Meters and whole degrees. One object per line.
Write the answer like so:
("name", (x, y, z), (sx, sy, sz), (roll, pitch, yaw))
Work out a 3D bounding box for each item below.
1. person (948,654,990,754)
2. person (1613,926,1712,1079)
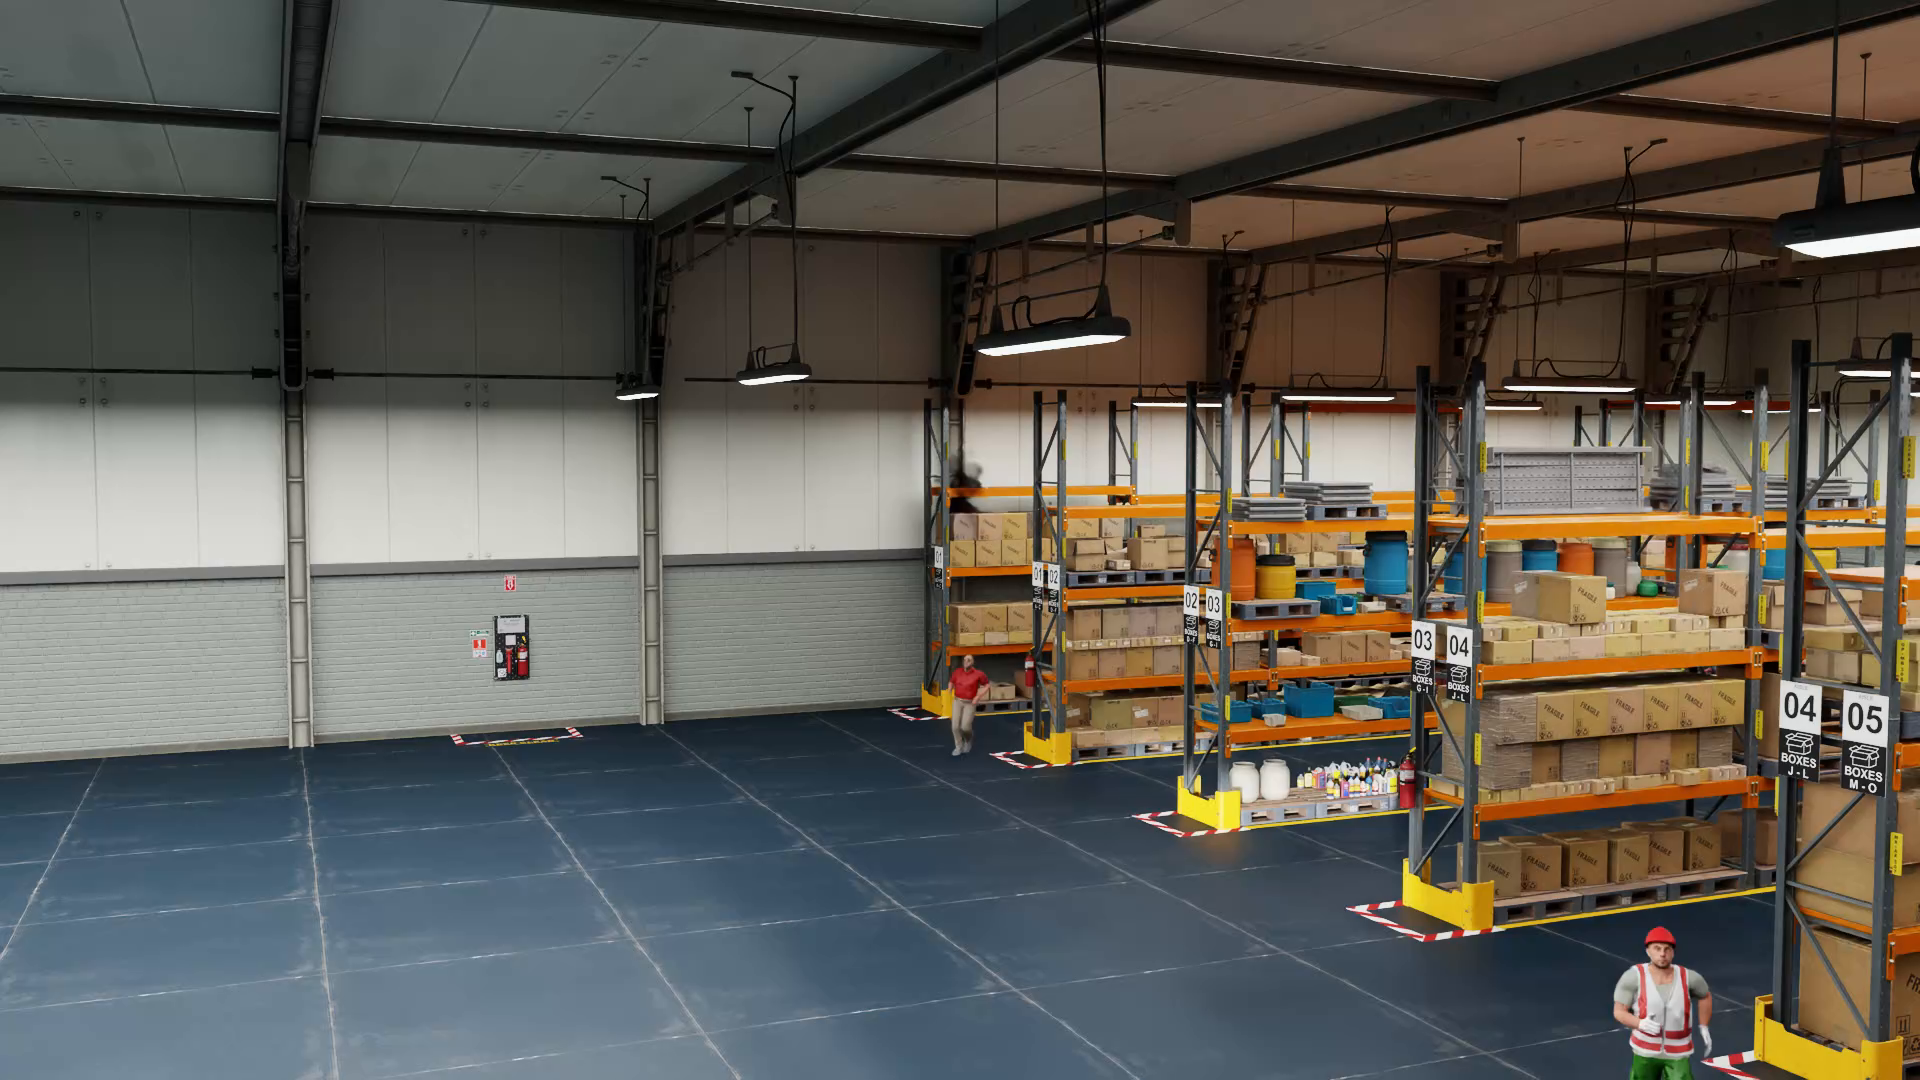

...

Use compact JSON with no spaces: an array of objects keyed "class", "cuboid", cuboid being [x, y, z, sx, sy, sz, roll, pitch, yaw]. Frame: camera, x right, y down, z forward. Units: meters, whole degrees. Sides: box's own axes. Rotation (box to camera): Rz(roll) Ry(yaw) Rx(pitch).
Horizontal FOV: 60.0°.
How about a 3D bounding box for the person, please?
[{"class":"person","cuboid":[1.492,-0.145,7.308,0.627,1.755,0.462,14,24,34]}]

*Brief*:
Write down again, exactly as given, only the lines above that fall from the line with "Meters and whole" to the line with "2. person (1613,926,1712,1079)", inclusive.

*Answer to this problem*:
Meters and whole degrees. One object per line.
Write the answer like so:
("name", (x, y, z), (sx, sy, sz), (roll, pitch, yaw))
Work out a 3D bounding box for each item below.
1. person (948,654,990,754)
2. person (1613,926,1712,1079)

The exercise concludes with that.